What is needed →
What is needed is an exact copy of the lines from the start of the records below through the line with "Provide a succinct answer. 0.86.", without the pictures.

Provided material →
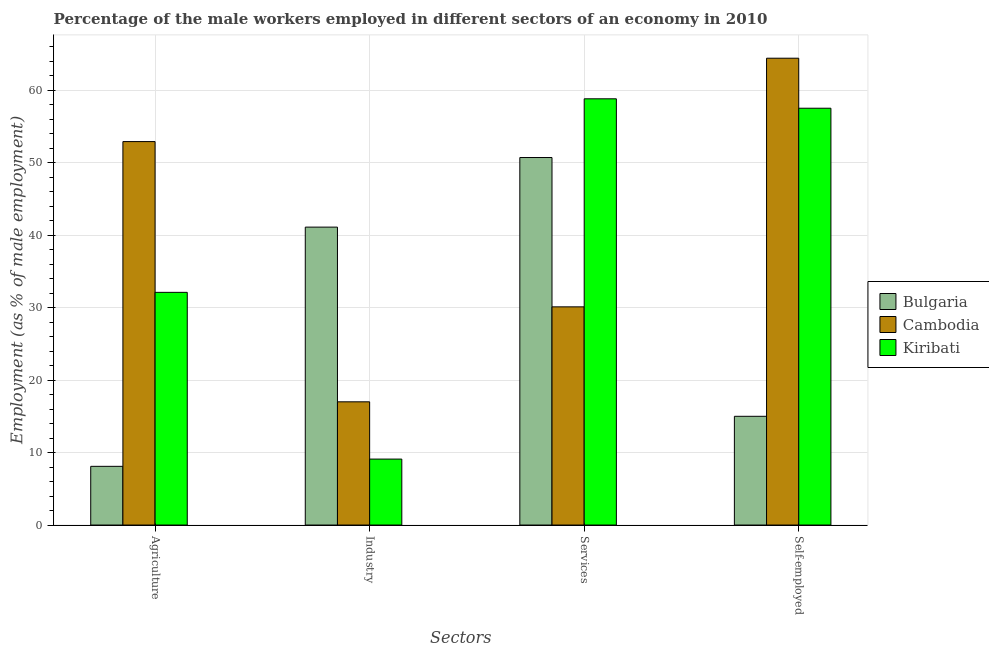How many different coloured bars are there?
Make the answer very short. 3. How many groups of bars are there?
Offer a terse response. 4. Are the number of bars on each tick of the X-axis equal?
Provide a short and direct response. Yes. How many bars are there on the 4th tick from the right?
Provide a short and direct response. 3. What is the label of the 4th group of bars from the left?
Ensure brevity in your answer.  Self-employed. What is the percentage of male workers in industry in Bulgaria?
Your answer should be very brief. 41.1. Across all countries, what is the maximum percentage of male workers in industry?
Provide a succinct answer. 41.1. Across all countries, what is the minimum percentage of male workers in services?
Provide a succinct answer. 30.1. In which country was the percentage of male workers in services maximum?
Give a very brief answer. Kiribati. In which country was the percentage of self employed male workers minimum?
Make the answer very short. Bulgaria. What is the total percentage of male workers in industry in the graph?
Give a very brief answer. 67.2. What is the difference between the percentage of male workers in services in Bulgaria and that in Cambodia?
Ensure brevity in your answer.  20.6. What is the difference between the percentage of male workers in services in Cambodia and the percentage of male workers in agriculture in Bulgaria?
Ensure brevity in your answer.  22. What is the average percentage of self employed male workers per country?
Provide a succinct answer. 45.63. What is the difference between the percentage of male workers in services and percentage of male workers in industry in Kiribati?
Offer a very short reply. 49.7. What is the ratio of the percentage of male workers in services in Bulgaria to that in Kiribati?
Provide a succinct answer. 0.86. Is the percentage of male workers in agriculture in Cambodia less than that in Kiribati?
Your response must be concise. No. What is the difference between the highest and the second highest percentage of male workers in industry?
Give a very brief answer. 24.1. What is the difference between the highest and the lowest percentage of male workers in industry?
Keep it short and to the point. 32. Is the sum of the percentage of male workers in industry in Kiribati and Bulgaria greater than the maximum percentage of self employed male workers across all countries?
Give a very brief answer. No. Is it the case that in every country, the sum of the percentage of male workers in industry and percentage of male workers in services is greater than the sum of percentage of self employed male workers and percentage of male workers in agriculture?
Make the answer very short. No. What does the 3rd bar from the left in Services represents?
Provide a succinct answer. Kiribati. What does the 2nd bar from the right in Industry represents?
Your answer should be compact. Cambodia. How many bars are there?
Offer a terse response. 12. How many countries are there in the graph?
Your answer should be very brief. 3. Does the graph contain any zero values?
Your answer should be very brief. No. How are the legend labels stacked?
Make the answer very short. Vertical. What is the title of the graph?
Ensure brevity in your answer.  Percentage of the male workers employed in different sectors of an economy in 2010. Does "Euro area" appear as one of the legend labels in the graph?
Make the answer very short. No. What is the label or title of the X-axis?
Your response must be concise. Sectors. What is the label or title of the Y-axis?
Make the answer very short. Employment (as % of male employment). What is the Employment (as % of male employment) of Bulgaria in Agriculture?
Provide a succinct answer. 8.1. What is the Employment (as % of male employment) of Cambodia in Agriculture?
Offer a terse response. 52.9. What is the Employment (as % of male employment) in Kiribati in Agriculture?
Keep it short and to the point. 32.1. What is the Employment (as % of male employment) in Bulgaria in Industry?
Provide a succinct answer. 41.1. What is the Employment (as % of male employment) in Cambodia in Industry?
Your answer should be compact. 17. What is the Employment (as % of male employment) of Kiribati in Industry?
Offer a terse response. 9.1. What is the Employment (as % of male employment) in Bulgaria in Services?
Ensure brevity in your answer.  50.7. What is the Employment (as % of male employment) in Cambodia in Services?
Offer a terse response. 30.1. What is the Employment (as % of male employment) in Kiribati in Services?
Your answer should be very brief. 58.8. What is the Employment (as % of male employment) of Bulgaria in Self-employed?
Your answer should be compact. 15. What is the Employment (as % of male employment) in Cambodia in Self-employed?
Your answer should be very brief. 64.4. What is the Employment (as % of male employment) in Kiribati in Self-employed?
Ensure brevity in your answer.  57.5. Across all Sectors, what is the maximum Employment (as % of male employment) of Bulgaria?
Your answer should be compact. 50.7. Across all Sectors, what is the maximum Employment (as % of male employment) in Cambodia?
Provide a succinct answer. 64.4. Across all Sectors, what is the maximum Employment (as % of male employment) of Kiribati?
Your response must be concise. 58.8. Across all Sectors, what is the minimum Employment (as % of male employment) in Bulgaria?
Give a very brief answer. 8.1. Across all Sectors, what is the minimum Employment (as % of male employment) in Cambodia?
Your response must be concise. 17. Across all Sectors, what is the minimum Employment (as % of male employment) in Kiribati?
Your answer should be compact. 9.1. What is the total Employment (as % of male employment) in Bulgaria in the graph?
Offer a terse response. 114.9. What is the total Employment (as % of male employment) of Cambodia in the graph?
Keep it short and to the point. 164.4. What is the total Employment (as % of male employment) of Kiribati in the graph?
Your response must be concise. 157.5. What is the difference between the Employment (as % of male employment) of Bulgaria in Agriculture and that in Industry?
Your answer should be very brief. -33. What is the difference between the Employment (as % of male employment) of Cambodia in Agriculture and that in Industry?
Keep it short and to the point. 35.9. What is the difference between the Employment (as % of male employment) of Kiribati in Agriculture and that in Industry?
Ensure brevity in your answer.  23. What is the difference between the Employment (as % of male employment) of Bulgaria in Agriculture and that in Services?
Keep it short and to the point. -42.6. What is the difference between the Employment (as % of male employment) of Cambodia in Agriculture and that in Services?
Give a very brief answer. 22.8. What is the difference between the Employment (as % of male employment) in Kiribati in Agriculture and that in Services?
Keep it short and to the point. -26.7. What is the difference between the Employment (as % of male employment) of Bulgaria in Agriculture and that in Self-employed?
Give a very brief answer. -6.9. What is the difference between the Employment (as % of male employment) in Kiribati in Agriculture and that in Self-employed?
Ensure brevity in your answer.  -25.4. What is the difference between the Employment (as % of male employment) of Bulgaria in Industry and that in Services?
Offer a terse response. -9.6. What is the difference between the Employment (as % of male employment) in Cambodia in Industry and that in Services?
Offer a very short reply. -13.1. What is the difference between the Employment (as % of male employment) of Kiribati in Industry and that in Services?
Offer a terse response. -49.7. What is the difference between the Employment (as % of male employment) in Bulgaria in Industry and that in Self-employed?
Give a very brief answer. 26.1. What is the difference between the Employment (as % of male employment) in Cambodia in Industry and that in Self-employed?
Give a very brief answer. -47.4. What is the difference between the Employment (as % of male employment) in Kiribati in Industry and that in Self-employed?
Your response must be concise. -48.4. What is the difference between the Employment (as % of male employment) in Bulgaria in Services and that in Self-employed?
Provide a short and direct response. 35.7. What is the difference between the Employment (as % of male employment) in Cambodia in Services and that in Self-employed?
Offer a very short reply. -34.3. What is the difference between the Employment (as % of male employment) in Kiribati in Services and that in Self-employed?
Ensure brevity in your answer.  1.3. What is the difference between the Employment (as % of male employment) of Bulgaria in Agriculture and the Employment (as % of male employment) of Kiribati in Industry?
Offer a very short reply. -1. What is the difference between the Employment (as % of male employment) of Cambodia in Agriculture and the Employment (as % of male employment) of Kiribati in Industry?
Keep it short and to the point. 43.8. What is the difference between the Employment (as % of male employment) of Bulgaria in Agriculture and the Employment (as % of male employment) of Cambodia in Services?
Your answer should be compact. -22. What is the difference between the Employment (as % of male employment) in Bulgaria in Agriculture and the Employment (as % of male employment) in Kiribati in Services?
Your response must be concise. -50.7. What is the difference between the Employment (as % of male employment) of Bulgaria in Agriculture and the Employment (as % of male employment) of Cambodia in Self-employed?
Provide a short and direct response. -56.3. What is the difference between the Employment (as % of male employment) of Bulgaria in Agriculture and the Employment (as % of male employment) of Kiribati in Self-employed?
Provide a succinct answer. -49.4. What is the difference between the Employment (as % of male employment) of Bulgaria in Industry and the Employment (as % of male employment) of Cambodia in Services?
Make the answer very short. 11. What is the difference between the Employment (as % of male employment) in Bulgaria in Industry and the Employment (as % of male employment) in Kiribati in Services?
Your response must be concise. -17.7. What is the difference between the Employment (as % of male employment) in Cambodia in Industry and the Employment (as % of male employment) in Kiribati in Services?
Offer a very short reply. -41.8. What is the difference between the Employment (as % of male employment) of Bulgaria in Industry and the Employment (as % of male employment) of Cambodia in Self-employed?
Offer a very short reply. -23.3. What is the difference between the Employment (as % of male employment) in Bulgaria in Industry and the Employment (as % of male employment) in Kiribati in Self-employed?
Your answer should be compact. -16.4. What is the difference between the Employment (as % of male employment) in Cambodia in Industry and the Employment (as % of male employment) in Kiribati in Self-employed?
Your answer should be very brief. -40.5. What is the difference between the Employment (as % of male employment) in Bulgaria in Services and the Employment (as % of male employment) in Cambodia in Self-employed?
Provide a succinct answer. -13.7. What is the difference between the Employment (as % of male employment) in Bulgaria in Services and the Employment (as % of male employment) in Kiribati in Self-employed?
Provide a short and direct response. -6.8. What is the difference between the Employment (as % of male employment) in Cambodia in Services and the Employment (as % of male employment) in Kiribati in Self-employed?
Offer a terse response. -27.4. What is the average Employment (as % of male employment) in Bulgaria per Sectors?
Provide a short and direct response. 28.73. What is the average Employment (as % of male employment) of Cambodia per Sectors?
Provide a succinct answer. 41.1. What is the average Employment (as % of male employment) in Kiribati per Sectors?
Provide a short and direct response. 39.38. What is the difference between the Employment (as % of male employment) in Bulgaria and Employment (as % of male employment) in Cambodia in Agriculture?
Your answer should be very brief. -44.8. What is the difference between the Employment (as % of male employment) of Cambodia and Employment (as % of male employment) of Kiribati in Agriculture?
Your answer should be very brief. 20.8. What is the difference between the Employment (as % of male employment) in Bulgaria and Employment (as % of male employment) in Cambodia in Industry?
Give a very brief answer. 24.1. What is the difference between the Employment (as % of male employment) in Cambodia and Employment (as % of male employment) in Kiribati in Industry?
Give a very brief answer. 7.9. What is the difference between the Employment (as % of male employment) in Bulgaria and Employment (as % of male employment) in Cambodia in Services?
Offer a terse response. 20.6. What is the difference between the Employment (as % of male employment) in Bulgaria and Employment (as % of male employment) in Kiribati in Services?
Make the answer very short. -8.1. What is the difference between the Employment (as % of male employment) of Cambodia and Employment (as % of male employment) of Kiribati in Services?
Your answer should be very brief. -28.7. What is the difference between the Employment (as % of male employment) in Bulgaria and Employment (as % of male employment) in Cambodia in Self-employed?
Keep it short and to the point. -49.4. What is the difference between the Employment (as % of male employment) in Bulgaria and Employment (as % of male employment) in Kiribati in Self-employed?
Keep it short and to the point. -42.5. What is the difference between the Employment (as % of male employment) of Cambodia and Employment (as % of male employment) of Kiribati in Self-employed?
Provide a short and direct response. 6.9. What is the ratio of the Employment (as % of male employment) of Bulgaria in Agriculture to that in Industry?
Provide a succinct answer. 0.2. What is the ratio of the Employment (as % of male employment) in Cambodia in Agriculture to that in Industry?
Offer a terse response. 3.11. What is the ratio of the Employment (as % of male employment) in Kiribati in Agriculture to that in Industry?
Your response must be concise. 3.53. What is the ratio of the Employment (as % of male employment) in Bulgaria in Agriculture to that in Services?
Keep it short and to the point. 0.16. What is the ratio of the Employment (as % of male employment) in Cambodia in Agriculture to that in Services?
Give a very brief answer. 1.76. What is the ratio of the Employment (as % of male employment) in Kiribati in Agriculture to that in Services?
Provide a short and direct response. 0.55. What is the ratio of the Employment (as % of male employment) in Bulgaria in Agriculture to that in Self-employed?
Make the answer very short. 0.54. What is the ratio of the Employment (as % of male employment) of Cambodia in Agriculture to that in Self-employed?
Your answer should be very brief. 0.82. What is the ratio of the Employment (as % of male employment) of Kiribati in Agriculture to that in Self-employed?
Your answer should be very brief. 0.56. What is the ratio of the Employment (as % of male employment) in Bulgaria in Industry to that in Services?
Your answer should be compact. 0.81. What is the ratio of the Employment (as % of male employment) of Cambodia in Industry to that in Services?
Provide a succinct answer. 0.56. What is the ratio of the Employment (as % of male employment) of Kiribati in Industry to that in Services?
Keep it short and to the point. 0.15. What is the ratio of the Employment (as % of male employment) in Bulgaria in Industry to that in Self-employed?
Ensure brevity in your answer.  2.74. What is the ratio of the Employment (as % of male employment) of Cambodia in Industry to that in Self-employed?
Provide a succinct answer. 0.26. What is the ratio of the Employment (as % of male employment) of Kiribati in Industry to that in Self-employed?
Offer a very short reply. 0.16. What is the ratio of the Employment (as % of male employment) of Bulgaria in Services to that in Self-employed?
Provide a short and direct response. 3.38. What is the ratio of the Employment (as % of male employment) in Cambodia in Services to that in Self-employed?
Offer a very short reply. 0.47. What is the ratio of the Employment (as % of male employment) of Kiribati in Services to that in Self-employed?
Make the answer very short. 1.02. What is the difference between the highest and the second highest Employment (as % of male employment) in Bulgaria?
Keep it short and to the point. 9.6. What is the difference between the highest and the second highest Employment (as % of male employment) of Cambodia?
Your answer should be compact. 11.5. What is the difference between the highest and the lowest Employment (as % of male employment) in Bulgaria?
Keep it short and to the point. 42.6. What is the difference between the highest and the lowest Employment (as % of male employment) in Cambodia?
Ensure brevity in your answer.  47.4. What is the difference between the highest and the lowest Employment (as % of male employment) of Kiribati?
Make the answer very short. 49.7.

Result for this task →
How many different coloured bars are there?
Make the answer very short. 3. How many groups of bars are there?
Offer a terse response. 4. Are the number of bars on each tick of the X-axis equal?
Provide a short and direct response. Yes. How many bars are there on the 4th tick from the right?
Provide a short and direct response. 3. What is the label of the 4th group of bars from the left?
Ensure brevity in your answer.  Self-employed. What is the percentage of male workers in industry in Bulgaria?
Your answer should be very brief. 41.1. Across all countries, what is the maximum percentage of male workers in industry?
Provide a succinct answer. 41.1. Across all countries, what is the minimum percentage of male workers in services?
Provide a succinct answer. 30.1. In which country was the percentage of male workers in services maximum?
Give a very brief answer. Kiribati. In which country was the percentage of self employed male workers minimum?
Make the answer very short. Bulgaria. What is the total percentage of male workers in industry in the graph?
Give a very brief answer. 67.2. What is the difference between the percentage of male workers in services in Bulgaria and that in Cambodia?
Ensure brevity in your answer.  20.6. What is the difference between the percentage of male workers in services in Cambodia and the percentage of male workers in agriculture in Bulgaria?
Ensure brevity in your answer.  22. What is the average percentage of self employed male workers per country?
Provide a succinct answer. 45.63. What is the difference between the percentage of male workers in services and percentage of male workers in industry in Kiribati?
Offer a very short reply. 49.7. What is the ratio of the percentage of male workers in services in Bulgaria to that in Kiribati?
Provide a succinct answer. 0.86. Is the percentage of male workers in agriculture in Cambodia less than that in Kiribati?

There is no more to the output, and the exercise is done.